Once they reached a safe distance, Gomez noticed a few bystanders stepping up and tending to the crash victims. He then made a phone call to the woman's husband alerting him of his wife's status.
"She screamed out his phone number in an agonizing cry and when he answered I tried to explain what happened, but I could barely catch my breath and he didn't understand what I was trying to say," Gomez recalled. "The woman then shouted, 'Baby, I've been in an accident!' and he understood perfectly."
After Gomez caught his breath, he was able to clarify where they were located and her husband arrived minutes later to the scene.
"The second he got there, he fell to his knees while watching his wife's car continue to go up in flames," he said. "He panicked and yelled, 'Please tell me she isn't in this car, please!' My heart sank seeing him there and all I could think about was if I showed up to the same thing after hearing my wife was in an accident."

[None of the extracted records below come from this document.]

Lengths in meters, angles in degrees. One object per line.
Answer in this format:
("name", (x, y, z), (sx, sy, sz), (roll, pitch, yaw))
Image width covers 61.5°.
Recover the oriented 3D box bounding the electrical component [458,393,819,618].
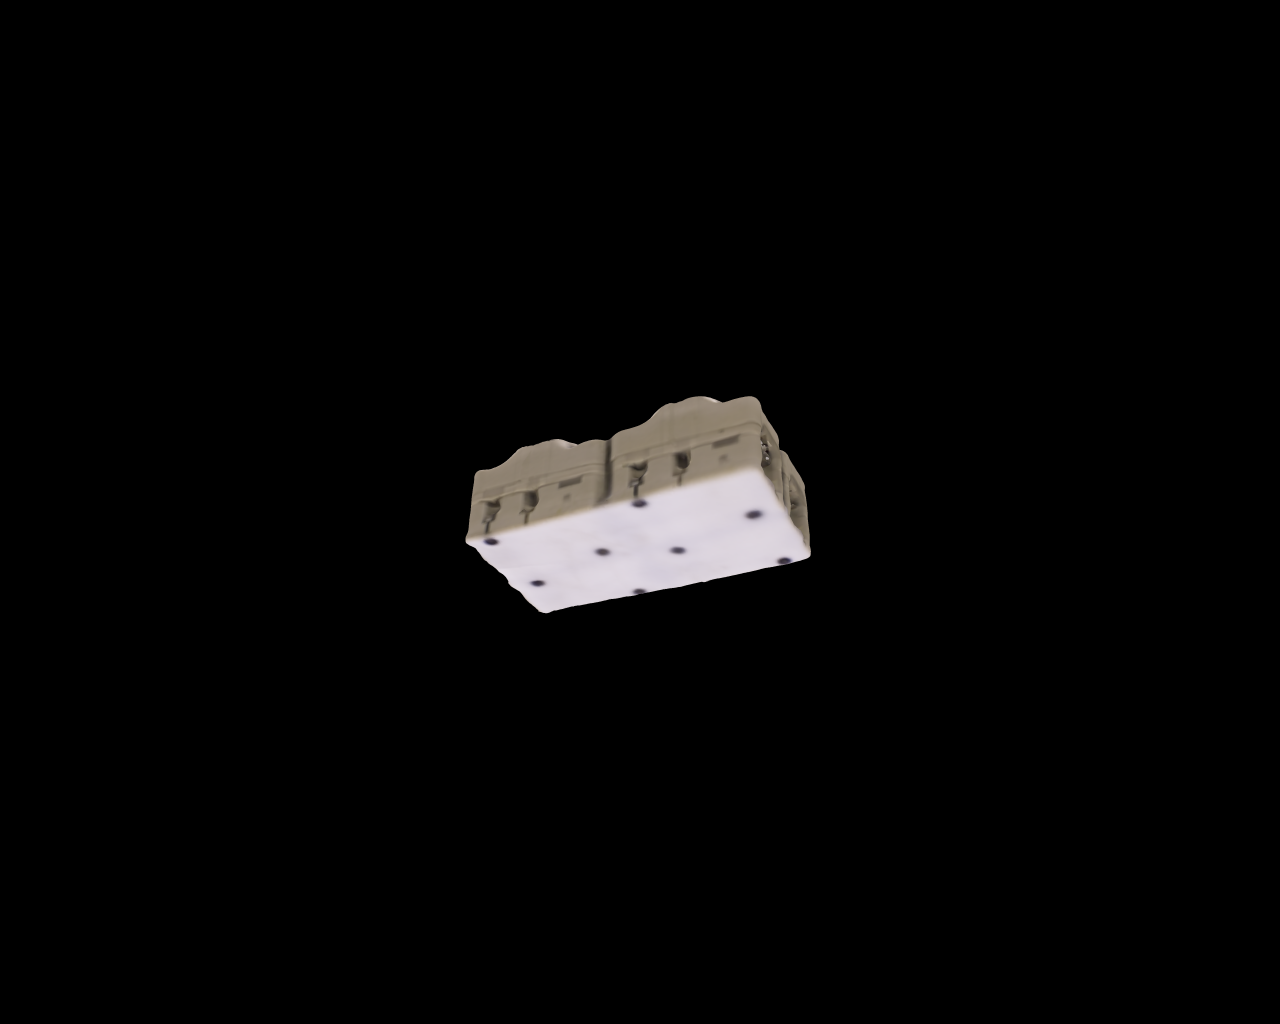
("electrical component", (0.001, -0.003, 0.650), (0.186, 0.060, 0.105), (-14, -36, 20))
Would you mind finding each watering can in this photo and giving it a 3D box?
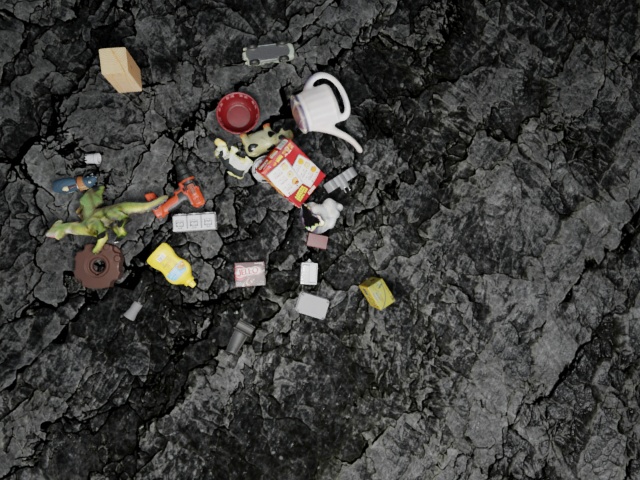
[{"bbox_3d":[0.018,-0.469,1.969,0.225,0.348,0.103,-21,-2,-6],"label":"watering can"}]

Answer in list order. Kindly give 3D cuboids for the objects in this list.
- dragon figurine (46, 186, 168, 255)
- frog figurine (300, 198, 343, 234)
[{"bbox_3d":[-0.769,-0.107,1.838,0.414,0.246,0.120,-36,-22,-17],"label":"dragon figurine"},{"bbox_3d":[0.006,-0.098,1.950,0.138,0.120,0.161,27,32,26],"label":"frog figurine"}]
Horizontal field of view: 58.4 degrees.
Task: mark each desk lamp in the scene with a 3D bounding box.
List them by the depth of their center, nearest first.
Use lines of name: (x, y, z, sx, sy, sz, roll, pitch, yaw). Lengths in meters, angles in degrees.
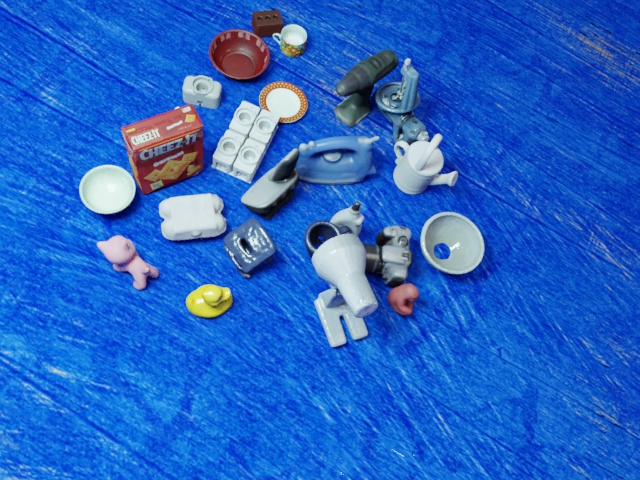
desk lamp: (0.059, 0.113, 1.282, 0.118, 0.213, 0.203, -17, 73, -17)

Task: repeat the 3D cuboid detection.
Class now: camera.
camera: (0.150, 0.030, 1.395, 0.137, 0.100, 0.143, 9, 68, -8)

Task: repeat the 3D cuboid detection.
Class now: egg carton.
egg carton: (-0.299, -0.053, 1.349, 0.150, 0.069, 0.107, -8, 71, -15)

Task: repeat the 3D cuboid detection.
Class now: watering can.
watering can: (0.270, -0.199, 1.458, 0.173, 0.194, 0.101, 17, 67, -5)

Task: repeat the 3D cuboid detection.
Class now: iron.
iron: (0.023, -0.218, 1.442, 0.259, 0.141, 0.118, -6, 70, -14)

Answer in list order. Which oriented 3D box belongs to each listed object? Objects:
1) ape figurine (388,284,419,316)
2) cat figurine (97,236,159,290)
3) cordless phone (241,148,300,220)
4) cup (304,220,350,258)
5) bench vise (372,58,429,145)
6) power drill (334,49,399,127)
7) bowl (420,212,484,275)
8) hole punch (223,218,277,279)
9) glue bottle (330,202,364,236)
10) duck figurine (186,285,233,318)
ape figurine: (0.207, 0.135, 1.371, 0.076, 0.092, 0.078, 32, 66, 2)
cat figurine: (-0.422, 0.040, 1.261, 0.128, 0.117, 0.067, 37, 66, 4)
cordless phone: (-0.111, -0.142, 1.361, 0.094, 0.185, 0.148, 38, 67, 5)
cup: (0.013, 0.005, 1.379, 0.118, 0.095, 0.091, -25, 76, -19)
bench vise: (0.236, -0.361, 1.500, 0.207, 0.219, 0.122, 42, 67, 6)
power drill: (0.105, -0.392, 1.491, 0.075, 0.208, 0.230, 43, 67, 7)
bowl: (0.324, 0.017, 1.451, 0.167, 0.074, 0.167, 4, 68, -10)
hole punch: (-0.165, 0.019, 1.338, 0.101, 0.091, 0.108, -31, 78, -21)
glue bottle: (0.072, -0.051, 1.370, 0.078, 0.173, 0.037, 26, 66, 0)
duck figurine: (-0.246, 0.129, 1.280, 0.105, 0.086, 0.077, -8, 71, -15)
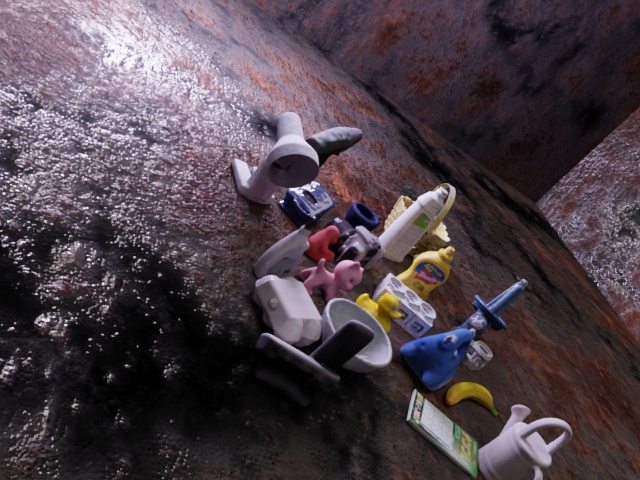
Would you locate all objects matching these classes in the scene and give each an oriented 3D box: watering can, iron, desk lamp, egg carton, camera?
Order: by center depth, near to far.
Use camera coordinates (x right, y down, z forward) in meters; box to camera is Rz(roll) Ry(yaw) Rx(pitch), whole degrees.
[{"bbox_3d":[-0.063,0.132,1.079,0.108,0.069,0.150,10,40,-47],"label":"egg carton"},{"bbox_3d":[0.416,0.415,1.160,0.101,0.193,0.172,21,32,-36],"label":"watering can"},{"bbox_3d":[0.295,0.248,1.314,0.259,0.141,0.118,-2,49,-55],"label":"iron"},{"bbox_3d":[-0.104,-0.185,1.350,0.118,0.213,0.203,21,32,-37],"label":"desk lamp"},{"bbox_3d":[0.087,0.002,1.455,0.136,0.100,0.144,52,27,20],"label":"camera"}]

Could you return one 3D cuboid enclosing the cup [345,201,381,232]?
[{"bbox_3d":[0.106,-0.041,1.556,0.118,0.095,0.091,7,42,-50],"label":"cup"}]

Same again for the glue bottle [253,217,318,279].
[{"bbox_3d":[-0.058,0.016,1.147,0.078,0.173,0.037,15,36,-44],"label":"glue bottle"}]

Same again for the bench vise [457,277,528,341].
[{"bbox_3d":[0.473,0.200,1.545,0.121,0.219,0.208,41,25,-1],"label":"bench vise"}]

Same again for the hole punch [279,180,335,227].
[{"bbox_3d":[-0.031,-0.093,1.450,0.108,0.091,0.101,48,26,13],"label":"hole punch"}]

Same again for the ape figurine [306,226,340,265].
[{"bbox_3d":[0.012,0.005,1.357,0.076,0.092,0.077,29,28,-24],"label":"ape figurine"}]

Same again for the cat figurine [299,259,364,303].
[{"bbox_3d":[0.036,0.076,1.248,0.128,0.117,0.067,24,30,-32],"label":"cat figurine"}]

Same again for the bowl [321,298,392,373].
[{"bbox_3d":[0.059,0.201,1.134,0.168,0.074,0.167,32,27,-19],"label":"bowl"}]

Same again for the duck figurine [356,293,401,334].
[{"bbox_3d":[0.138,0.155,1.304,0.104,0.086,0.078,45,26,7],"label":"duck figurine"}]

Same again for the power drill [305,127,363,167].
[{"bbox_3d":[0.006,-0.228,1.578,0.075,0.208,0.230,47,26,13],"label":"power drill"}]

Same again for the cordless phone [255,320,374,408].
[{"bbox_3d":[-0.010,0.175,0.951,0.148,0.185,0.094,33,27,-18],"label":"cordless phone"}]

Gomez waved the man over and reunited him with his wife, but the cars were still engulfed in fire and worry began to rush back.
"I was nervous the fire department wasn't going to get there in time to extinguish the cars,” he said. “I was hoping that everyone was at a safe enough distance in case the flames reached the gas tank and set off an explosion."
While bystanders helped the victims, Gomez took advantage of the momentary break to gather himself and wait until a rescue team comprised of firefighters, paramedics and police arrived and the victims were taken to the hospital for treatment.
"After everything and driving to work, I could feel my adrenaline fleeting," he said. "My body felt as if I had just worked out the hardest I ever had; I was completely sore."
Nearly 22 months after the accident, Gomez was presented with a citation and distinction identifying his act of fearlessness.
"Staff Sgt. Vicente Gomez distinguished himself by heroism involving voluntary risk of life at Royal Air Force Mildenhall, England, on 12 May 2014," began the master of ceremonies. "On this date, sergeant Gomez arrived upon the scene immediately after a three-car collision."
As the emcee continued to recount the actions which saved the lives of two individuals, the Airman's Medal was pinned on the lapel of Gomez's uniform for his selfless actions on that night.